Cuadernos trimestrales de poesía Tomo V

XXV EL ANDE Y EL MAR EN LOS POETAS DE CUADERNOS El Ande y el mar se encuentran presentes en los versos de los poetas fundadores de Cuadernos. Ellos se repartieron esas dos regiones del territorio lírico: Berríos y Corcuera en el Ande; Alva y Torres Ortega en el mar. Carlos Humberto Berríos, sonetista nato, hábil cantor de los lares serranos con acento patriarcal, cuyo eco rodó por las aguas del Chamaya entre las piedras preciosas de sus versos. Él hizo una dúctil armazón de las catorce líneas, templándolas como cuerdas de un instrumento antiguo, de sonoridades extrañas para oídos actuales; incurriendo, a propósito, en arcaísmos que él deseaba remover, o mejor revivir, como quien desempolva un trasto querido que antaño significó mucho para su dueño. Berríos amó la metáfora sonora de Chocano, que invade territorios epopéyicos, y la fue domando hasta convertirla en una paloma sombreándose en las riberas del sueño.
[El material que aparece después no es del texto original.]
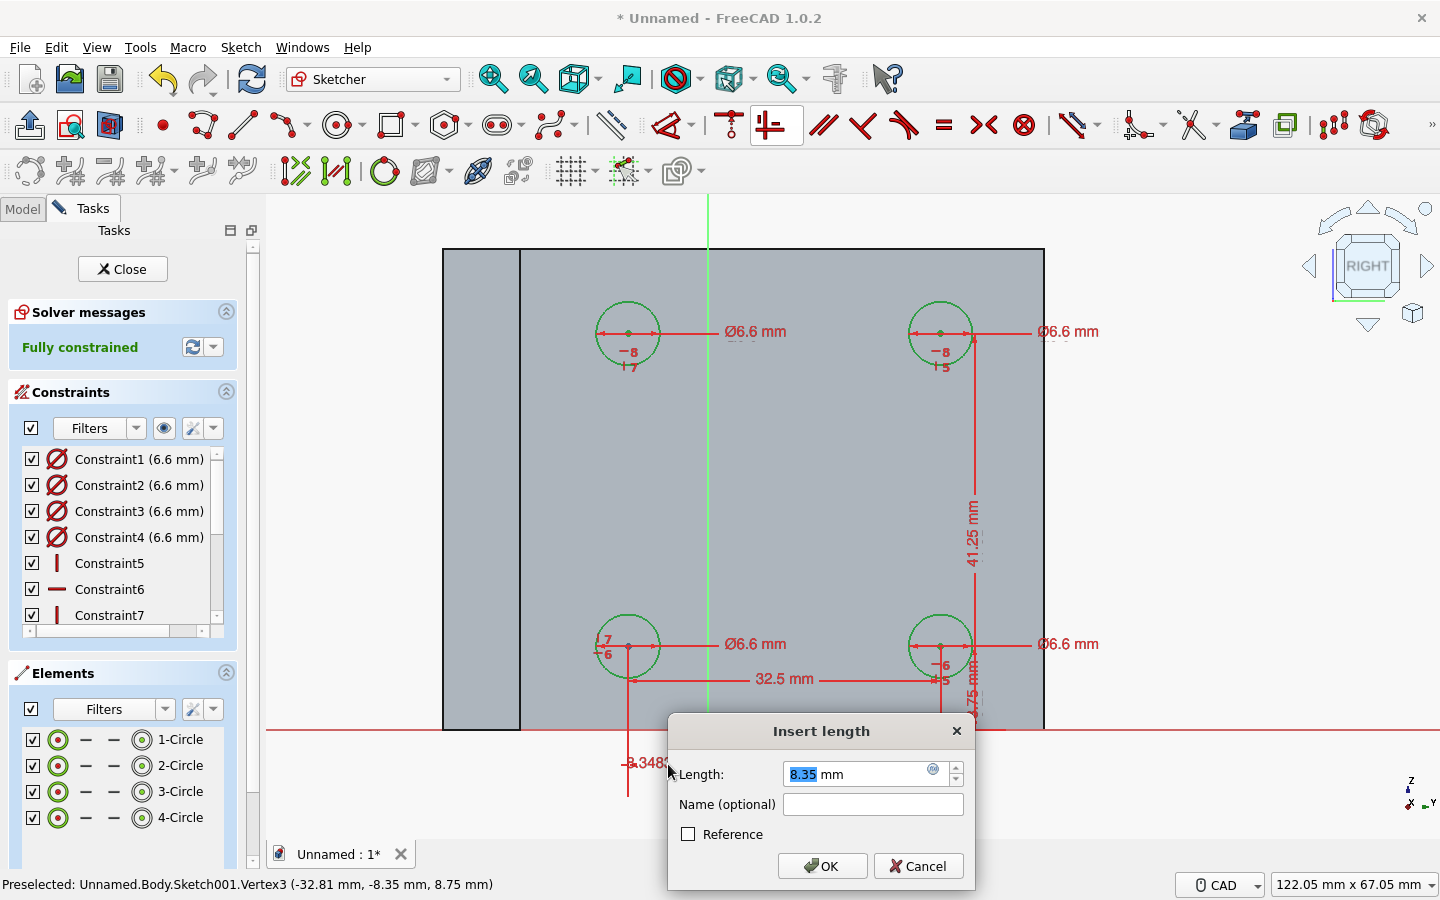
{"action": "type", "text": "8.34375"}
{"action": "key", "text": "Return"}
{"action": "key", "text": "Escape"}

Ahí están sus estampas serranas que el tiempo perenniza y trasciende al espíritu fraternal, como esos maceteros colgantes que las lianas desbordan para enredarse en los hierros de las ventanas. ¿Todavía vive Bécquer y acciona sus pupilas? Se diría que está fuera del tiempo, que su transmutación salta varias etapas, para arrojarlo en un mundo irreconciliable, materialista y ajeno a lo espiritual. ¿Bajo qué signo nació este hombre extraño y, a la vez, común y familiar, que para algunos resulta de otra época? ¿Qué ángel guió sus pasos por el sendero que hubo de transitar? No lo sé. Heredero de la bohemia de su tiempo y bebedor de las lágrimas de las parras que cantara Martínez Luján. Poeta empecinado, desnudo de ambición, sin artificios ni atavíos; «amical», como solía decir; «contertulio», decidor, artista y caballero. Ahí están sus libros: Los cactos de mi predio, Valle multicorte, Latido y rumor de fronda, Surco y simiente, y otros.